Data records
---------------
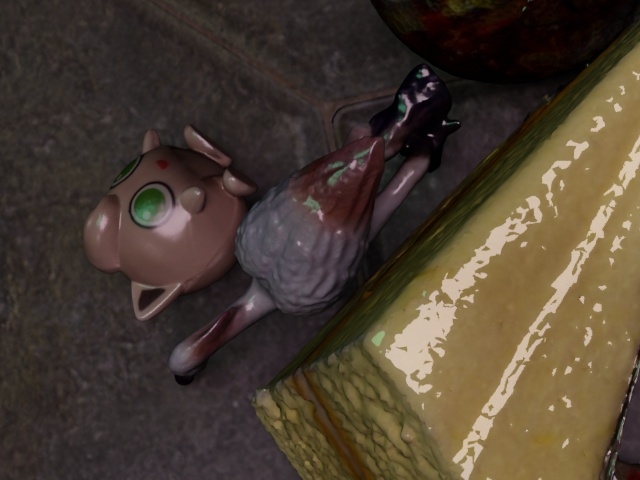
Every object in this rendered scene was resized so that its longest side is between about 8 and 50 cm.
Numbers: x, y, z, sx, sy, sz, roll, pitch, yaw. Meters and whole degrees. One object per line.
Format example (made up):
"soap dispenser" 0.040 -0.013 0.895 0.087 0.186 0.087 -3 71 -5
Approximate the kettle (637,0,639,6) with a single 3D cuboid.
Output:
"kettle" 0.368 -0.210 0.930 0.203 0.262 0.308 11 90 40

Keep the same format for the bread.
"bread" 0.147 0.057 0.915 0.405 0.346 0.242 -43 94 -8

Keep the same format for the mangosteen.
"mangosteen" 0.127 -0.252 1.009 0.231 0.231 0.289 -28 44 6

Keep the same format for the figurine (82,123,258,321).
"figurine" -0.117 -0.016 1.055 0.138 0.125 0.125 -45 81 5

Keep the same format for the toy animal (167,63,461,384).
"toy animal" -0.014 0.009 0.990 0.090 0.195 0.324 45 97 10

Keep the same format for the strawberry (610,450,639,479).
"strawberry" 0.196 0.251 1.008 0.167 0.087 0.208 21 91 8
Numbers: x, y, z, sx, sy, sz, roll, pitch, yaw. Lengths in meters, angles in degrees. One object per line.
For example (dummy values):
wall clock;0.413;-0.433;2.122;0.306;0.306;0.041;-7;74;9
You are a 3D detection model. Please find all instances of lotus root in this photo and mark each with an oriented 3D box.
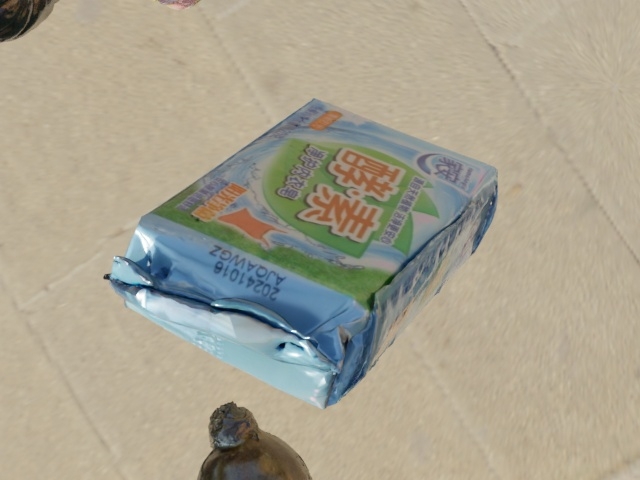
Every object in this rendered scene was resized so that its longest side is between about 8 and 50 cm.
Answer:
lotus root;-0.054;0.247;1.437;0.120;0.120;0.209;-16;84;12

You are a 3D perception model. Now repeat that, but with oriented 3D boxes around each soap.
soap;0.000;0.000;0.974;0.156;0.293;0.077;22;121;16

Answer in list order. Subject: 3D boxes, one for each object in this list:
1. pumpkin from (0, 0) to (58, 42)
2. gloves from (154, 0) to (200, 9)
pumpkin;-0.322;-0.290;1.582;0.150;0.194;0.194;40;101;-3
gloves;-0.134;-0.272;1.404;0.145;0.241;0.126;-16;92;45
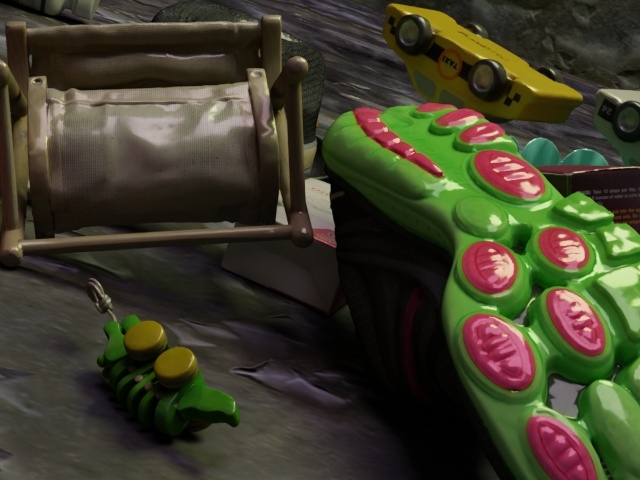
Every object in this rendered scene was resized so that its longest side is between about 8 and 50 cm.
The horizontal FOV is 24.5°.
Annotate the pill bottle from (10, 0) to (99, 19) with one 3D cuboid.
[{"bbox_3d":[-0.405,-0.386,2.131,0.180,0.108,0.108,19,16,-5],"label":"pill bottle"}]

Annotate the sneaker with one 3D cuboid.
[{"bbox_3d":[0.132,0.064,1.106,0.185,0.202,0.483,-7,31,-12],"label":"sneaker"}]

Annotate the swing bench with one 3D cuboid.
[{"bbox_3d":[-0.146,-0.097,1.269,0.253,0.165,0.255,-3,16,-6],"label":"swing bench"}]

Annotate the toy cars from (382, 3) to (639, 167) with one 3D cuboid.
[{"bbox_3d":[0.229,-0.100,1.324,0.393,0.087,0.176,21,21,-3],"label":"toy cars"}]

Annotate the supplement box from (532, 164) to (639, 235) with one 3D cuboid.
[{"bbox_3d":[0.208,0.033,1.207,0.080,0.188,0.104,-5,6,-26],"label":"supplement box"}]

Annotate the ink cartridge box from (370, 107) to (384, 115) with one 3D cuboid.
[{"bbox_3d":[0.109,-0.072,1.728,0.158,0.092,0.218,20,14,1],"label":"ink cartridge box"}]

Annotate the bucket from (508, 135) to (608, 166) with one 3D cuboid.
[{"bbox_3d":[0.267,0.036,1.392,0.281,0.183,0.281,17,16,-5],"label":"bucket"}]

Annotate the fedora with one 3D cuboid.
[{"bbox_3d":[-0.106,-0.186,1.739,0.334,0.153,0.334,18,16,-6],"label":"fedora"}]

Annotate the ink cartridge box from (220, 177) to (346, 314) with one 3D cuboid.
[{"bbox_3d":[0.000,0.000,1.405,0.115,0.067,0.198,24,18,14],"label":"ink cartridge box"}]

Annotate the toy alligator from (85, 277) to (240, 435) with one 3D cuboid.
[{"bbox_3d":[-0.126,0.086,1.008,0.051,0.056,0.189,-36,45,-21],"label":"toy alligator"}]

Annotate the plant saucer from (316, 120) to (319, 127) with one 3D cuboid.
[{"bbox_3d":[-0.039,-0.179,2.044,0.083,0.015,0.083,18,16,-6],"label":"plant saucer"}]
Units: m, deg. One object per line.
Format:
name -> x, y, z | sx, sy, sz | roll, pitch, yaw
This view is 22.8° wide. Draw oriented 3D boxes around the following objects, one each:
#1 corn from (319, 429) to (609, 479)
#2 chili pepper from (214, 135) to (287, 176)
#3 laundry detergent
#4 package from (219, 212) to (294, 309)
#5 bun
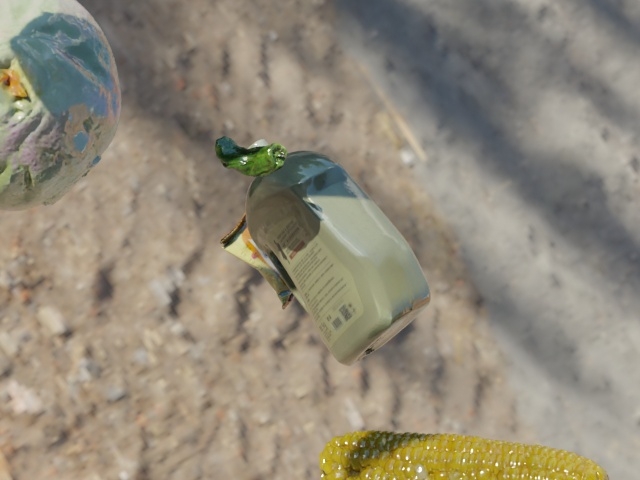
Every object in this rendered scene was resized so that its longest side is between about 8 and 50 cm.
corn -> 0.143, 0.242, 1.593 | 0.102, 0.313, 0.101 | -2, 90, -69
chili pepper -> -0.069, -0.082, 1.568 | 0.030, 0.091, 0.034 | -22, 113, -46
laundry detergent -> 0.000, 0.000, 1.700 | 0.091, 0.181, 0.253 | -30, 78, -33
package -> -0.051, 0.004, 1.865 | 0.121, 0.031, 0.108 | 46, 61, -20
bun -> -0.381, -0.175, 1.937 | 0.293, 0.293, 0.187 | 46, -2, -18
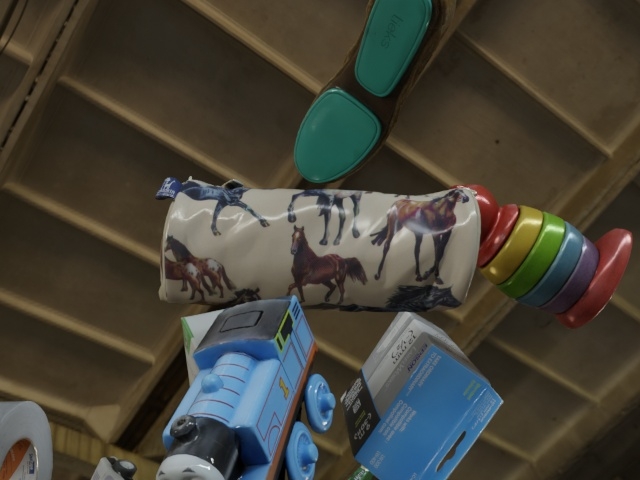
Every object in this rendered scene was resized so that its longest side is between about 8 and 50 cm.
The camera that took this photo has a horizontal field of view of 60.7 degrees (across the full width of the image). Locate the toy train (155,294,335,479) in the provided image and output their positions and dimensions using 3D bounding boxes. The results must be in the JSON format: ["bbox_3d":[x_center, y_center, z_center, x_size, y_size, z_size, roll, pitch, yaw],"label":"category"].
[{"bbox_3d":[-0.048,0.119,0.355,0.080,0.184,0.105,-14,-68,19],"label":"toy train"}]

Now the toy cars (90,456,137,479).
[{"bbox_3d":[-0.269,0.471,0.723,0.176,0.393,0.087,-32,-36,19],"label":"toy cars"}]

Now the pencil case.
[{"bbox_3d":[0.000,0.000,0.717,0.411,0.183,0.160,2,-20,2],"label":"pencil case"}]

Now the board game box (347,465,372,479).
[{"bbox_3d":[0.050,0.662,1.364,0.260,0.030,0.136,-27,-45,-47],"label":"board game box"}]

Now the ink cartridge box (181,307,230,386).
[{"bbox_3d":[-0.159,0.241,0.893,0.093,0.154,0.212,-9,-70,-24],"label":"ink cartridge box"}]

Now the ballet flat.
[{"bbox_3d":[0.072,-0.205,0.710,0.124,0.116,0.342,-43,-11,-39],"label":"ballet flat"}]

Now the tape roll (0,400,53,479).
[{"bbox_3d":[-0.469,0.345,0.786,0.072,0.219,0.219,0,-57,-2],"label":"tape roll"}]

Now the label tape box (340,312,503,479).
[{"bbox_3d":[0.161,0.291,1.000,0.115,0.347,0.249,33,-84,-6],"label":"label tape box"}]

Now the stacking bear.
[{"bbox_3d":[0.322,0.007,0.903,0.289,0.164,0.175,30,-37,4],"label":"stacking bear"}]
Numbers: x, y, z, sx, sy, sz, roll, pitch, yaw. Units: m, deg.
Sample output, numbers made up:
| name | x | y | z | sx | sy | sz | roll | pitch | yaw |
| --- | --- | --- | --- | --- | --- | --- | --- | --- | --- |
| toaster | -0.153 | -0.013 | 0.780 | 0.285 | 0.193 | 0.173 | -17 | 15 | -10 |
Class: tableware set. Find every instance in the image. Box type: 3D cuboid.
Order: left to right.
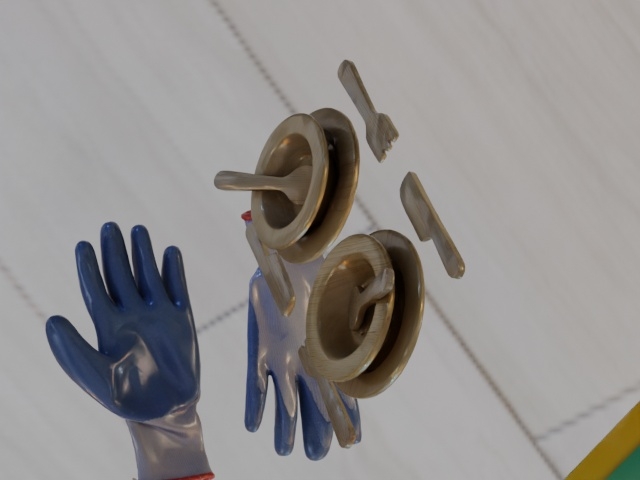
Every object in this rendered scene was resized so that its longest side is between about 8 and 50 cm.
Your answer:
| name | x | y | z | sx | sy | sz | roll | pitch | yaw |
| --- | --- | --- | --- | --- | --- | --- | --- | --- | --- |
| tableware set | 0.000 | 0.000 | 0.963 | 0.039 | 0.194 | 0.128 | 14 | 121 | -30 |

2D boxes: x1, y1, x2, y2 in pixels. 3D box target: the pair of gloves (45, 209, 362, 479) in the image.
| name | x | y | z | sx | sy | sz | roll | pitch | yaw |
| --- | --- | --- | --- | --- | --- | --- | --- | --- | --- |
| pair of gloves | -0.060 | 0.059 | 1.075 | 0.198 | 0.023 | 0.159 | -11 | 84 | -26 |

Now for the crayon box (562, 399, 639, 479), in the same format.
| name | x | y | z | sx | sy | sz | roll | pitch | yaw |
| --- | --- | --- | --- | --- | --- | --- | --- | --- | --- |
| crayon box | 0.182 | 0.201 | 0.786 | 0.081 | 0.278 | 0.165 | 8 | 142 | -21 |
---------------
• **Prompt**
Return nothing but the lines running from the start of the data to the line with "wall clock;0.413;-0.433;2.122;0.306;0.306;0.041;-7;74;9", please, both ends included and no pictures.

• **Solution to the problem**
Every object in this rendered scene was resized so that its longest side is between about 8 and 50 cm.
Numbers: x, y, z, sx, sy, sz, roll, pitch, yaw. Meters and whole degrees. One object per line.
Format example (made up):
"soap dispenser" 0.040 -0.013 0.895 0.087 0.186 0.087 -3 71 -5
Approximate the kettle (637,0,639,6) with a single 3D cuboid.
Output:
"kettle" 0.368 -0.210 0.930 0.203 0.262 0.308 11 90 40

Keep the same format for the bread.
"bread" 0.147 0.057 0.915 0.405 0.346 0.242 -43 94 -8

Keep the same format for the mangosteen.
"mangosteen" 0.127 -0.252 1.009 0.231 0.231 0.289 -28 44 6

Keep the same format for the figurine (82,123,258,321).
"figurine" -0.117 -0.016 1.055 0.138 0.125 0.125 -45 81 5

Keep the same format for the toy animal (167,63,461,384).
"toy animal" -0.014 0.009 0.990 0.090 0.195 0.324 45 97 10

Keep the same format for the strawberry (610,450,639,479).
"strawberry" 0.196 0.251 1.008 0.167 0.087 0.208 21 91 8
Numbers: x, y, z, sx, sy, sz, roll, pitch, yaw. Lengths in meters, angles in degrees. One object per line.
For example (dummy values):
wall clock;0.413;-0.433;2.122;0.306;0.306;0.041;-7;74;9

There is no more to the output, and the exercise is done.